Forward to May 23, 2006, the Iowa and Illinois Departments of Transportation held a joint public meeting to select the recommended bridge type for the Interstate 74 replacement. Four designs were considered until the end, the first consisted of a basket handle true arch twin bridge, essentially spans side by side with arches that converge at the top. Second on the list was a modified basket handle tied arch bridge design, with vertical pier and hangers. This configuration is similar in design to what is used for Interstate 280’s crossing of the Mississippi River west of Rock Island, with cross members joining two sets of arches on each span. Design three was similar to the basket handle design but with tied arches. The final design consisted of a cable stayed sing bridge with a semi-fan stay arrangement, essentially a cable-stayed bridge with three support towers. View the designs for yourself here.

The Iowa-Illinois Memorial Bridge travels 66 feet above the Mississippi and is 5,148 feet in overall length. Its name honored the veterans of World War I during its dedication (northbound span) on November 18, 1935. The southbound bridge was built for $8.1 million in 1958, with both open for traffic after a 1959 closure of the original for repairs on January 20, 1960.


Peoria includes two Interstates, the main route through the city, I-74, and the bypass route, I-474. Lets take a look at the two and more…

Interstate 74 cuts a swath through the downtown area, meandering along a curved path from junction Interstate 474 & Illinois 6 northwest of the city to a brief depressed section of freeway near the central business district. A high-level cantilever bridge carries the freeway across the Illinois River into East Peoria. Once across, the road bisects hills on a southeastern trajectory to Interstate 474, Interstate 155, and Morton.

Interstate 74 descends toward the Perry Avenue under crossing through the eastern outskirts of downtown Peoria. U.S. 24 & Illinois 29 meet the freeway ahead.

Road work recently saw completion on a multi-year project to upgrade Interstate 74 through the Peoria metro area. Begun in 2002 with reconstruction of the North Street and Forrest Hill Bridges, work continued through Fall 2007.
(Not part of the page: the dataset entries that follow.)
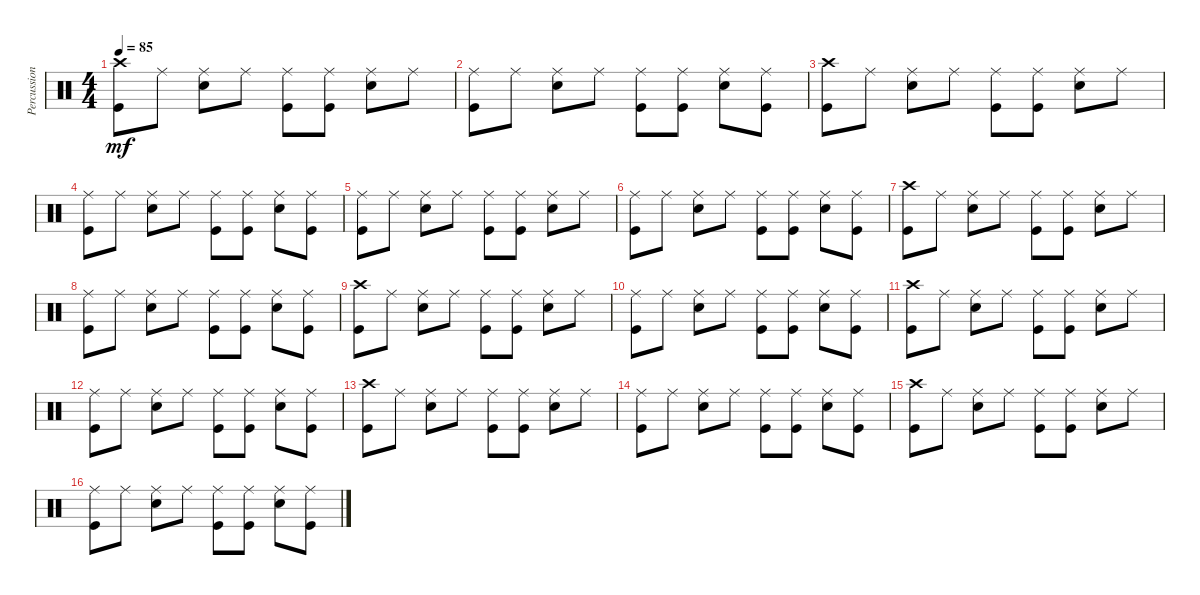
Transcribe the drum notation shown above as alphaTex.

\track ("Percussion" "Percussion") {instrument percussion}
\staff {score}
\articulation defaults
\ts (4 4)
\tempo 85
\clef neutral
\ks c
("Crash high (hit)" "Kick (hit)").8{dy mf} "Ride (middle)".8 ("Ride (middle)" "Snare (hit) 2").8 "Ride (middle)".8 ("Ride (middle)" "Kick (hit)").8 ("Ride (middle)" "Kick (hit)").8 ("Ride (middle)" "Snare (hit) 2").8 "Ride (middle)".8 |
("Ride (middle)" "Kick (hit)").8 "Ride (middle)".8 ("Ride (middle)" "Snare (hit) 2").8 "Ride (middle)".8 ("Ride (middle)" "Kick (hit)").8 ("Ride (middle)" "Kick (hit)").8 ("Ride (middle)" "Snare (hit) 2").8 ("Ride (middle)" "Kick (hit)").8 |
("Crash high (hit)" "Kick (hit)").8 "Ride (middle)".8 ("Ride (middle)" "Snare (hit) 2").8 "Ride (middle)".8 ("Ride (middle)" "Kick (hit)").8 ("Ride (middle)" "Kick (hit)").8 ("Ride (middle)" "Snare (hit) 2").8 "Ride (middle)".8 |
("Ride (middle)" "Kick (hit)").8 "Ride (middle)".8 ("Ride (middle)" "Snare (hit) 2").8 "Ride (middle)".8 ("Ride (middle)" "Kick (hit)").8 ("Ride (middle)" "Kick (hit)").8 ("Ride (middle)" "Snare (hit) 2").8 ("Ride (middle)" "Kick (hit)").8 |
("Ride (middle)" "Kick (hit)").8 "Ride (middle)".8 ("Ride (middle)" "Snare (hit) 2").8 "Ride (middle)".8 ("Ride (middle)" "Kick (hit)").8 ("Ride (middle)" "Kick (hit)").8 ("Ride (middle)" "Snare (hit) 2").8 "Ride (middle)".8 |
("Ride (middle)" "Kick (hit)").8 "Ride (middle)".8 ("Ride (middle)" "Snare (hit) 2").8 "Ride (middle)".8 ("Ride (middle)" "Kick (hit)").8 ("Ride (middle)" "Kick (hit)").8 ("Ride (middle)" "Snare (hit) 2").8 ("Ride (middle)" "Kick (hit)").8 |
("Crash high (hit)" "Kick (hit)").8 "Ride (middle)".8 ("Ride (middle)" "Snare (hit) 2").8 "Ride (middle)".8 ("Ride (middle)" "Kick (hit)").8 ("Ride (middle)" "Kick (hit)").8 ("Ride (middle)" "Snare (hit) 2").8 "Ride (middle)".8 |
("Ride (middle)" "Kick (hit)").8 "Ride (middle)".8 ("Ride (middle)" "Snare (hit) 2").8 "Ride (middle)".8 ("Ride (middle)" "Kick (hit)").8 ("Ride (middle)" "Kick (hit)").8 ("Ride (middle)" "Snare (hit) 2").8 ("Ride (middle)" "Kick (hit)").8 |
("Crash high (hit)" "Kick (hit)").8 "Ride (middle)".8 ("Ride (middle)" "Snare (hit) 2").8 "Ride (middle)".8 ("Ride (middle)" "Kick (hit)").8 ("Ride (middle)" "Kick (hit)").8 ("Ride (middle)" "Snare (hit) 2").8 "Ride (middle)".8 |
("Ride (middle)" "Kick (hit)").8 "Ride (middle)".8 ("Ride (middle)" "Snare (hit) 2").8 "Ride (middle)".8 ("Ride (middle)" "Kick (hit)").8 ("Ride (middle)" "Kick (hit)").8 ("Ride (middle)" "Snare (hit) 2").8 ("Ride (middle)" "Kick (hit)").8 |
("Crash high (hit)" "Kick (hit)").8 "Ride (middle)".8 ("Ride (middle)" "Snare (hit) 2").8 "Ride (middle)".8 ("Ride (middle)" "Kick (hit)").8 ("Ride (middle)" "Kick (hit)").8 ("Ride (middle)" "Snare (hit) 2").8 "Ride (middle)".8 |
("Ride (middle)" "Kick (hit)").8 "Ride (middle)".8 ("Ride (middle)" "Snare (hit) 2").8 "Ride (middle)".8 ("Ride (middle)" "Kick (hit)").8 ("Ride (middle)" "Kick (hit)").8 ("Ride (middle)" "Snare (hit) 2").8 ("Ride (middle)" "Kick (hit)").8 |
("Crash high (hit)" "Kick (hit)").8 "Ride (middle)".8 ("Ride (middle)" "Snare (hit) 2").8 "Ride (middle)".8 ("Ride (middle)" "Kick (hit)").8 ("Ride (middle)" "Kick (hit)").8 ("Ride (middle)" "Snare (hit) 2").8 "Ride (middle)".8 |
("Ride (middle)" "Kick (hit)").8 "Ride (middle)".8 ("Ride (middle)" "Snare (hit) 2").8 "Ride (middle)".8 ("Ride (middle)" "Kick (hit)").8 ("Ride (middle)" "Kick (hit)").8 ("Ride (middle)" "Snare (hit) 2").8 ("Ride (middle)" "Kick (hit)").8 |
("Crash high (hit)" "Kick (hit)").8 "Ride (middle)".8 ("Ride (middle)" "Snare (hit) 2").8 "Ride (middle)".8 ("Ride (middle)" "Kick (hit)").8 ("Ride (middle)" "Kick (hit)").8 ("Ride (middle)" "Snare (hit) 2").8 "Ride (middle)".8 |
("Ride (middle)" "Kick (hit)").8 "Ride (middle)".8 ("Ride (middle)" "Snare (hit) 2").8 "Ride (middle)".8 ("Ride (middle)" "Kick (hit)").8 ("Ride (middle)" "Kick (hit)").8 ("Ride (middle)" "Snare (hit) 2").8 ("Ride (middle)" "Kick (hit)").8

Every bridge over Interstate 74 was reconstructed or replaced and now features ornamental columns. Pictured here is the Forest City Avenue overpass at the Gale Avenue (Exit 90) off-ramp of I-74 east.

Highlights of the near $500 million work included the construction of new ramps at Sterling Avenue, the raising of the Adams Street bridge over Interstate 74, rebuilding of both freeway carriageways, landscaping, and other improvements. Work affected 11 miles of roads, 32 bridges were either removed or replaced, 8 bridges were widened or reconstructed, and two tunnel ramp tunnels were built. Additionally the interchange with the Industrial Spur was reconstructed from a trumpet into a directional interchange near the east end of the Murray Baker Bridge.
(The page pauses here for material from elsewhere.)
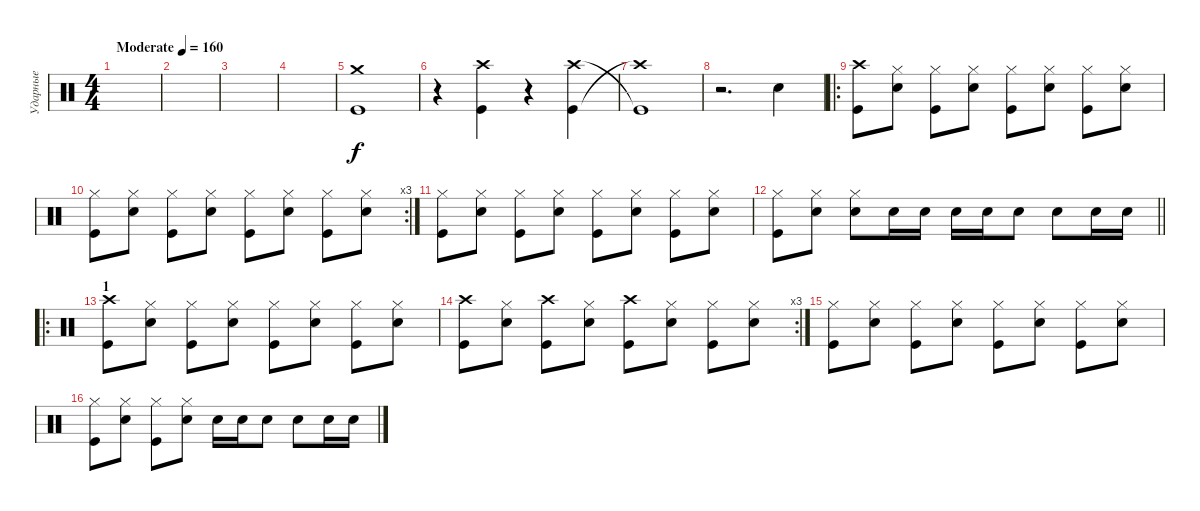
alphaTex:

Dubbed the Congestion Relief Project, the Illinois Tollway system, an integral part of Chicagoland’s highway network, is a series of construction projects aimed at modernizing and expanding the multiple-route system in northern Illinois. The overall project was approved in September 2004.

Interstate 355 northbound at Illinois 171.
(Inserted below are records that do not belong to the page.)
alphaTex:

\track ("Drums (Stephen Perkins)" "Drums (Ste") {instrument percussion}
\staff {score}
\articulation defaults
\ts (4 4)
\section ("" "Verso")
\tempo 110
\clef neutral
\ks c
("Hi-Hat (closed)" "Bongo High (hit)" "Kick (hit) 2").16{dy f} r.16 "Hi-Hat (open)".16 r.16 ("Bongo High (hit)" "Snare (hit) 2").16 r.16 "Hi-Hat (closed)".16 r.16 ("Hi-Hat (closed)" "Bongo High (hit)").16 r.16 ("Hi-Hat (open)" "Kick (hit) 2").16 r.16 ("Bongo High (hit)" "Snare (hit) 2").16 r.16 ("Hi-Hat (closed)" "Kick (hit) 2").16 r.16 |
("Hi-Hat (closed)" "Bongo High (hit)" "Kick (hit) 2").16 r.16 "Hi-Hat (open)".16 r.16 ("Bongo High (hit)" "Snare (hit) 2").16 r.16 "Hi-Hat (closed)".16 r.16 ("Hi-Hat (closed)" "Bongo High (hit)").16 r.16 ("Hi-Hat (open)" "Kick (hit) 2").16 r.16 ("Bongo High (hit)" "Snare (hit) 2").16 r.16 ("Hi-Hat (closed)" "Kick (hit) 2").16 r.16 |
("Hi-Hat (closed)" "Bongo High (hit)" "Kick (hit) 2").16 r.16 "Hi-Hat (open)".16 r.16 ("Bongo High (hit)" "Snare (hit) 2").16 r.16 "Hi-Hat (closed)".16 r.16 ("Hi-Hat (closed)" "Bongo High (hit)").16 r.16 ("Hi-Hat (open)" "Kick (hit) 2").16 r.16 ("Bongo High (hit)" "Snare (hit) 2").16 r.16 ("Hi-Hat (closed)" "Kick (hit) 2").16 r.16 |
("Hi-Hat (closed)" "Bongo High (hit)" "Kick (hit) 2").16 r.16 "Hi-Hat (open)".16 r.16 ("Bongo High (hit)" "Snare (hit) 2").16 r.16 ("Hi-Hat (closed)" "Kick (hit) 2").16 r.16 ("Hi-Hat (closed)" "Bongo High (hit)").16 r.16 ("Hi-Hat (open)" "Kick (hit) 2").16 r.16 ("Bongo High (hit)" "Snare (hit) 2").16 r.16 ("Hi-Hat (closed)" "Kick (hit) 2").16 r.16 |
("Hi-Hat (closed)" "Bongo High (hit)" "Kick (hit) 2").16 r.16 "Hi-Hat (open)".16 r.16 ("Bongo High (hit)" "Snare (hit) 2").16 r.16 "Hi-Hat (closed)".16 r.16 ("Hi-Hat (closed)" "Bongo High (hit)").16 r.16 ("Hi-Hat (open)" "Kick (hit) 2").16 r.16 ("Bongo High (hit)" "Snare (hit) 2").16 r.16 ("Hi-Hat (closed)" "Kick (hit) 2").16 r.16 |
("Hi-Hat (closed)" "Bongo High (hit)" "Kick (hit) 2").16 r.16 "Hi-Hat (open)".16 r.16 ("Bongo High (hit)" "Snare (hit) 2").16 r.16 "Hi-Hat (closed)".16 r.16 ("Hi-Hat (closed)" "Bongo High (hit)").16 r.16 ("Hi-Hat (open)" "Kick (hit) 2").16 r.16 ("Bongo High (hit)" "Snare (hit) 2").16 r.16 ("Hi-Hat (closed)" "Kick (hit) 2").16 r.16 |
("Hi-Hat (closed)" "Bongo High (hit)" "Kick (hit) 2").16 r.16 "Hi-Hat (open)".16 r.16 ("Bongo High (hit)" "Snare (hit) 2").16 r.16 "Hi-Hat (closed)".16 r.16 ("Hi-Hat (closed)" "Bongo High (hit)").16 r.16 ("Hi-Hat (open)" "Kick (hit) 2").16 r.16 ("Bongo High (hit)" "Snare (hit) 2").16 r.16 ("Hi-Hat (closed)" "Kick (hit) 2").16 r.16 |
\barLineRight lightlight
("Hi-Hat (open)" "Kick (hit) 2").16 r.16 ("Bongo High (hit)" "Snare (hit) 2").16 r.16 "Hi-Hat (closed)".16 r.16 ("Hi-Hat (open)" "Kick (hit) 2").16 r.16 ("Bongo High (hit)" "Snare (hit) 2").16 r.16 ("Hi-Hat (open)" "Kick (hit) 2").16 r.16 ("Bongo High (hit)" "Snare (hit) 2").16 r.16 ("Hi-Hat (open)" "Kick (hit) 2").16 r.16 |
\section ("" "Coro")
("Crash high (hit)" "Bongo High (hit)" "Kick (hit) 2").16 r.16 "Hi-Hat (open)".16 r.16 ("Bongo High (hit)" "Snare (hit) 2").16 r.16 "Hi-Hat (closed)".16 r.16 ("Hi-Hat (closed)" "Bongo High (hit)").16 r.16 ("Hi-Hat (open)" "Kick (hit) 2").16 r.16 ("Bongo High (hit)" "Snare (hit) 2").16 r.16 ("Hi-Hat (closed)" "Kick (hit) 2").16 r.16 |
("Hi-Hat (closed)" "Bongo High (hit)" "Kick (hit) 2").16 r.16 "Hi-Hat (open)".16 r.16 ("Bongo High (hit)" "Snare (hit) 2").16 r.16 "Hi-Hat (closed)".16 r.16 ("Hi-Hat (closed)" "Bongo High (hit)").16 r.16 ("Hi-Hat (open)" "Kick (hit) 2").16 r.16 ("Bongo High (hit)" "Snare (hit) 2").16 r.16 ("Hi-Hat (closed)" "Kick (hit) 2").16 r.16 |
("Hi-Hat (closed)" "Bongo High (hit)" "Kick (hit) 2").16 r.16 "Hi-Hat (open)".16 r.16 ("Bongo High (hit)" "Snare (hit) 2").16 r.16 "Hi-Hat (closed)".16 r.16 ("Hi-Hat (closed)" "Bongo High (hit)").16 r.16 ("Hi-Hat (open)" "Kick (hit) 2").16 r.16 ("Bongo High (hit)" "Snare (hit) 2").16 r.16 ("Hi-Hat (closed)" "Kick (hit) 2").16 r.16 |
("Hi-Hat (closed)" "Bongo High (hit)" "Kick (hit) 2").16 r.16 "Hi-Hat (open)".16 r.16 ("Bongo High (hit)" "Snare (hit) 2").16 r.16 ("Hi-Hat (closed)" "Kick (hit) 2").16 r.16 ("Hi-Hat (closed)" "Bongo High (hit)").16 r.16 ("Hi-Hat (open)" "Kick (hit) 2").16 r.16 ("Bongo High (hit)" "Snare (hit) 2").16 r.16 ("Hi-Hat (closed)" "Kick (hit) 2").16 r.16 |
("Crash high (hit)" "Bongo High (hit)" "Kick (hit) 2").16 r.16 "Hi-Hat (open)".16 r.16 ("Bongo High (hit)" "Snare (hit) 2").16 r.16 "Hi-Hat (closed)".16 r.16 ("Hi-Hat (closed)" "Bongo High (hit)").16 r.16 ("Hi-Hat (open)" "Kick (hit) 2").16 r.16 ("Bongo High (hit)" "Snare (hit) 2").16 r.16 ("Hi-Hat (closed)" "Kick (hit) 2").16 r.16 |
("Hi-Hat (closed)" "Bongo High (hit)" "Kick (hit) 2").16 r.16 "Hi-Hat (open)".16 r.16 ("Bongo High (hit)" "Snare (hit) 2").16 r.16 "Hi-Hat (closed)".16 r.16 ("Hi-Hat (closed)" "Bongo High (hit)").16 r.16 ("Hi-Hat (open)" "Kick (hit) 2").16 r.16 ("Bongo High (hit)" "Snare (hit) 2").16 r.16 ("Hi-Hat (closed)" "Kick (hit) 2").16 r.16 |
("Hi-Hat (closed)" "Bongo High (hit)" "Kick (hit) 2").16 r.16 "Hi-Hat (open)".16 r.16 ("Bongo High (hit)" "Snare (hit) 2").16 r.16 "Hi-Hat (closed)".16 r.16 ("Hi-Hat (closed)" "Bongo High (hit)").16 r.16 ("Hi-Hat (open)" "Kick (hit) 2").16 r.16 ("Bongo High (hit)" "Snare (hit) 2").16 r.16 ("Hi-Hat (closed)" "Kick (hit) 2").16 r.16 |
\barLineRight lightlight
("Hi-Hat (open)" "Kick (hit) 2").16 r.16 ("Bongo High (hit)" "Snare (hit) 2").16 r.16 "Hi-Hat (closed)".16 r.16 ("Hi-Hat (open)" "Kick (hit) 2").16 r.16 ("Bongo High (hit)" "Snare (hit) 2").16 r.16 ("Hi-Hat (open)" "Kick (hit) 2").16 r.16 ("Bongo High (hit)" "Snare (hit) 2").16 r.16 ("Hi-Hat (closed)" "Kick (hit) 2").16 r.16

One of the main aspects of the project was the modernization of the 20 main line toll collecting facilities. Work involved the conversion of the conventional toll booth barriers into a hybrid of high-speed electronic toll collection, called “open road tolling” and newly built attended toll booths for cash and coin based payment. The open road tolling works with I-Pass, a prepaid toll program that works with transponders affixed to car’s windshields that are read by sensors as drivers pass under pass readers at normal freeway speeds. Account holders may bypass the conventional toll booths, which were relocated to outside carriageways, on the tollway mainlines. Additionally I-Pass account holders are charged reduced rates.

Reaching the Des Plaines River Bridge on Interstate 355 north. Monuments are posted at each bridge end with “Veterans Memorial Tollway” inscribed on the columns.